Tuesday, November 22, 2011

Why family can sometimes be really helpful

Often times EMS providers can find family more of a hinderance than a help. Sometimes I will tell family members if they can find a medication list or a bag for the patient, in part because it is helpful but more often than not it is so I can talk to the patient without interruption or fear of outside influences.

Now, there are times when having the family around is absolutely essential.

We get dispatched for an altered level of consciousness at the local incredibly frustrating apartment complex (its a nightmare to get anything other than a stair-chair in and out of) and find a worried family with an elderly man lying on the back bed.

First impressions for me where that he was very ill (medically speaking) or that he may have had a stroke. Then the family pipes up. "He fell down a full flight of stairs to the basement and a neighbor brought him back up. He normally is not like this."

Hello red flag! He fell down a flight of stairs?! And he was moved?! Now this is no fault of the family themselves, they were not present during the fall, but one of my biggest pet peeves is possible head/neck injuires that decide moving is a brilliant idea (more on rugby players at a later date).

A quick assessment gets me very little response from the patient, something about chocolate was all that was audible. His vital signs are stable but I do not like the fact that he is so out of it. The ALS that is on the way is not getting canceled at this point.

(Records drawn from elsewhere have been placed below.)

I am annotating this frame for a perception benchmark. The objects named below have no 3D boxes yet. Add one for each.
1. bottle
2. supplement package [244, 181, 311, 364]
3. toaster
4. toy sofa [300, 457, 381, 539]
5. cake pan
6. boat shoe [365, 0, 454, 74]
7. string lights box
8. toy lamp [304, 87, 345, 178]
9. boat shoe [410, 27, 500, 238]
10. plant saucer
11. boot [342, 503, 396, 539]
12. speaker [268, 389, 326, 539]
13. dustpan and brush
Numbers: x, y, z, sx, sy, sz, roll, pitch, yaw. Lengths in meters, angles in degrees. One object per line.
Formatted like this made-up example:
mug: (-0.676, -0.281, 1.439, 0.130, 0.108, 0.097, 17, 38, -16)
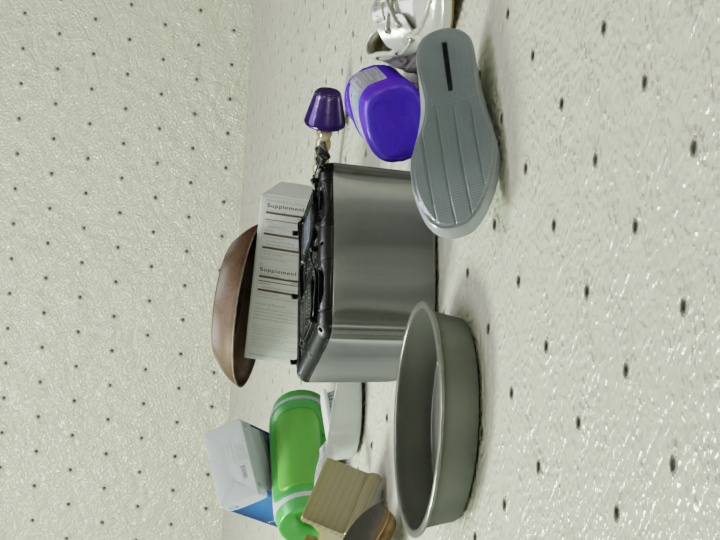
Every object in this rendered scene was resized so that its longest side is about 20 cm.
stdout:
bottle: (0.022, -0.167, 1.546, 0.200, 0.065, 0.084, -117, 9, -72)
supplement package: (-0.067, 0.004, 1.826, 0.114, 0.109, 0.201, -50, -32, -77)
toaster: (0.000, 0.000, 1.480, 0.200, 0.118, 0.181, 115, 155, -68)
toy sofa: (-0.020, 0.299, 1.669, 0.200, 0.097, 0.083, 104, -171, -52)
cake pan: (0.064, 0.127, 1.296, 0.200, 0.037, 0.201, -176, 90, -81)
boat shoe: (0.043, -0.239, 1.448, 0.200, 0.069, 0.071, 122, 151, -71)
string lights box: (-0.123, 0.269, 1.979, 0.200, 0.059, 0.103, 38, -148, -61)
toy lamp: (-0.055, -0.149, 2.063, 0.058, 0.058, 0.201, -106, 22, -63)
boat shoe: (0.080, -0.106, 1.236, 0.062, 0.072, 0.201, 63, -156, -55)
plant saucer: (-0.145, 0.039, 1.827, 0.200, 0.037, 0.201, 8, -90, -82)
boot: (0.004, 0.321, 1.547, 0.074, 0.075, 0.200, -76, 10, -61)
speaker: (-0.070, 0.245, 1.912, 0.200, 0.088, 0.089, -97, 14, -49)
dustpan and brush: (-0.030, 0.193, 1.780, 0.200, 0.057, 0.140, -97, 14, -48)
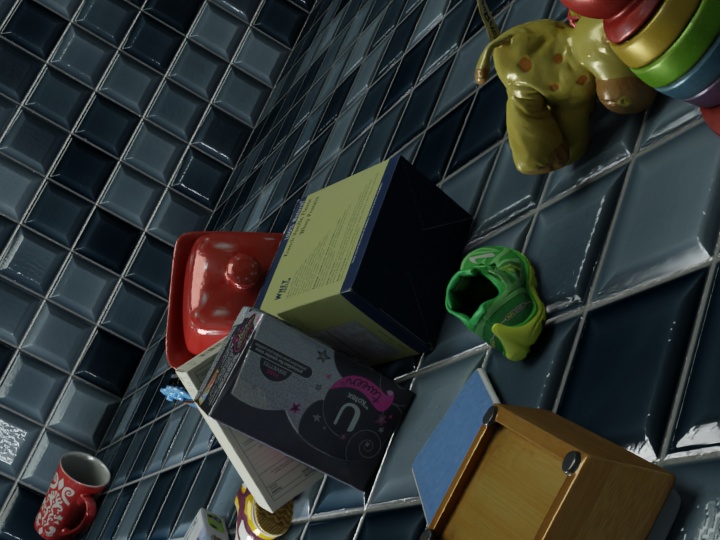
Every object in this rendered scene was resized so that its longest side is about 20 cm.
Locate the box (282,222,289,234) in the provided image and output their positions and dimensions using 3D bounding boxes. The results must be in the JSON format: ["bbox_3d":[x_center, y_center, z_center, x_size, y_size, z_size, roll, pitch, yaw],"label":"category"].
[{"bbox_3d":[-0.079,0.056,1.581,0.124,0.097,0.200,23,82,31],"label":"box"}]

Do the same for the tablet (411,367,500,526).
[{"bbox_3d":[0.097,0.180,1.042,0.130,0.014,0.200,-58,14,13],"label":"tablet"}]

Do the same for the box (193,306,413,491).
[{"bbox_3d":[-0.064,0.142,1.278,0.132,0.200,0.115,-62,17,-6],"label":"box"}]

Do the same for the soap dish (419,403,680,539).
[{"bbox_3d":[0.125,0.182,0.812,0.158,0.081,0.200,-61,16,-2],"label":"soap dish"}]

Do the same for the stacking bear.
[{"bbox_3d":[0.242,-0.205,0.902,0.122,0.200,0.114,-60,15,4],"label":"stacking bear"}]

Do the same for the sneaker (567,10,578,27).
[{"bbox_3d":[0.248,-0.261,1.205,0.200,0.090,0.078,-51,19,39],"label":"sneaker"}]

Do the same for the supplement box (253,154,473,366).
[{"bbox_3d":[0.000,0.000,1.373,0.200,0.134,0.200,-19,41,47],"label":"supplement box"}]

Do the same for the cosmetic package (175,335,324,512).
[{"bbox_3d":[-0.125,0.178,1.373,0.103,0.200,0.073,-32,8,-19],"label":"cosmetic package"}]

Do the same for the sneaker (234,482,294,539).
[{"bbox_3d":[-0.124,0.270,1.487,0.090,0.075,0.200,-41,23,40],"label":"sneaker"}]

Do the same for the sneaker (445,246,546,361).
[{"bbox_3d":[0.126,0.015,1.111,0.074,0.083,0.200,-57,15,14],"label":"sneaker"}]

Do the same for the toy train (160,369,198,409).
[{"bbox_3d":[-0.293,0.210,2.077,0.087,0.114,0.200,-68,16,-14],"label":"toy train"}]

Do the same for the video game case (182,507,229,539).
[{"bbox_3d":[-0.250,0.460,1.608,0.200,0.045,0.181,-61,14,1],"label":"video game case"}]

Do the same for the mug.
[{"bbox_3d":[-0.723,0.577,2.806,0.200,0.133,0.178,-59,13,18],"label":"mug"}]

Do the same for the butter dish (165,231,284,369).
[{"bbox_3d":[-0.150,0.023,1.459,0.148,0.199,0.200,103,169,-69],"label":"butter dish"}]

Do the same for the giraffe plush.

I get my partners to hold C-spine and go grab the backboard. I start asking the family more questions (including that drug list!) as we start to get him ready to for transport. Beyond his current state, he sounds pretty healthy. The wail of sirens lets me know that ALS is here and I start mentally prepping for the report as the family tells me this lovely detail: "He is typically more lucid than you or I." Red Flag! Red Flag!

I do a quick hand-off to the medic and am getting quizzical looks as to why my partners are now trying to get a C-collar on this poor man. The medic even tries to shoe them away and not call it a trauma, as if I am crazy and don't know my own BLS protocols.

I may be less experienced than you but I do know this, when family says that this is vastly off his normal mental status AND that he fell, I am NOT letting you take off that collar. After a quick re-emphasizing of those two points (especially how off this is for him from his families standpoint), the medic gets it and agrees with me on the board and collar.

We of course help ALS carry him down the stairs (they may not be my favorite medics from that station but I am not one to let personal taste get in the way of professional care) and he is off to the local trauma hospital.

Even when you are out ranked and have less experience, when the family is rattled by his lack of mental awareness, or rather the sudden drop in it, you list to the family hands down. If it were not for them, I would not have been nearly as persistent as I was with the medic. If it were not for the family, I am not sure anyone would have realized he may have been a head trauma until it was too late.

Sometimes, family is your saving grace on a call.